This portion of the article is most important:
What is interesting to me about the Obama speech was the lack of mention of the mandate from the American people that the Republicans were motivated by. This is not a new argument by any means as Obama has been railing against the wealthy since before he has gotten into office. Moreover as he divided the country and tried to turn citizen against citizen he raided the treasury running up trillions of dollars of debt which is not paid for.
President Obama was supposed to be announcing an important compromise, as he put it, on tax policy. Normally a president, having agreed with the opposition on something big, would go through certain expected motions. He would laud the specific virtues of the plan, show graciousness toward the negotiators on the other side—graciousness implies that you won—and refer respectfully to potential critics as people who'll surely come around once they are fully exposed to the deep merits of the plan.
Instead Mr. Obama said, essentially, that he hates the deal he just agreed to, hates the people he made the deal with, and hates even more the people who'll criticize it. His statement was startling in the breadth of its animosity. Republicans are "hostage takers" who worship a "holy grail" of "tax cuts for the wealthy." "That seems to be their central economic doctrine."
Class warfare is mostly effective when a country has classes. But when a person who sweeps floors in a company can move up the ladder to take virtually any position and make any amount of money, the idea fails.
Other problems with the Democratic position include the idea that tax rate cuts are the same as tax cuts. The private sector generally increases their income in proportion to the amount of capital or money they have and they often compound the gains. So if more money is left in the private sector because tax rates are lower, there is more future income to tax.
If the government gets it you can be assured some of it will find its way to wasteful programs like $2.5M for potato research, etc.
Moreover, Democrats constantly discuss tax cuts for the rich and they twist words when the proper way of saying what is happening would be tax rate increases. After all, the tax rates have been the same for ten years, any increase is exactly that.
And their obsession with millionaires and billionaires is fascinating. These people are the ones who invest their money and put it in the banks which in-turn lend the money out to others who want to purchase homes, vehicles and launch new businesses.

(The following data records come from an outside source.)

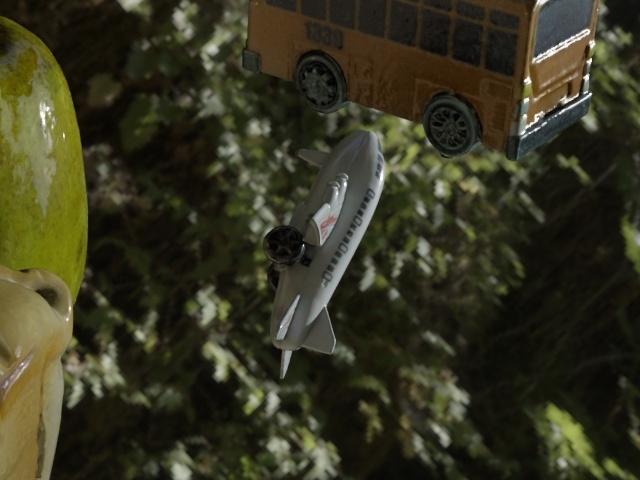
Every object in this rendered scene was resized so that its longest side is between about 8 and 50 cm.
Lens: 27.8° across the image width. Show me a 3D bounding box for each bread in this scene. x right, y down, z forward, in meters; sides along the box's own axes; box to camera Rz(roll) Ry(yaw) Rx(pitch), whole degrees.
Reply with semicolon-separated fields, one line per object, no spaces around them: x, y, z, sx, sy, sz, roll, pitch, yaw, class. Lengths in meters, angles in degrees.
-0.186;0.110;0.654;0.081;0.134;0.225;17;-60;6;bread

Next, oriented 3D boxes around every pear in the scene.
-0.296;-0.021;0.982;0.253;0.253;0.307;40;-49;31;pear

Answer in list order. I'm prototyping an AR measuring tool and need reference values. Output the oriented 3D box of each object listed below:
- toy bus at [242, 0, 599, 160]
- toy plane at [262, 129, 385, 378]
0.049;-0.118;0.690;0.182;0.091;0.103;22;-54;31;toy bus
0.000;0.000;0.840;0.066;0.171;0.162;10;-24;6;toy plane

These are the people who funded Google, Facebook, Twitter and virtually all other start-ups which needed money.
Would you rather have money distributed via investments to hot new startups keeping the US competitive or leaked out to criminals via Medicare fraud?
Finally, there is absolutely no correlation between what the government raises in revenue and what it spends. Regardless of the tax rate, the government is the absolute worst place for money to go. It is a giant sink hole of incompetence, wrapped around a special interest core where dollars allegedly used for the good of the poor keep them poor or make them poorer. The best intentions of those people who want to increase taxes on anyone do not coincide with the benefits they hope to attain via income redistribution which never achieves the desired effect.
This is a consistent theme and the answer is always the same... We need to spend more.
In closing, only in the mind of a college professor with zero business experience does the logic of taking money from the private sector to spur private sector jobs compute. How could taking a billion dollars out of investment funds and savings accounts create jobs? Especially when some of this money will be spent on hiring new regulators to increase the size of government which is already far too large.
If anything, the more you increase tax rates and grow government, the less private sector capital there is to tax!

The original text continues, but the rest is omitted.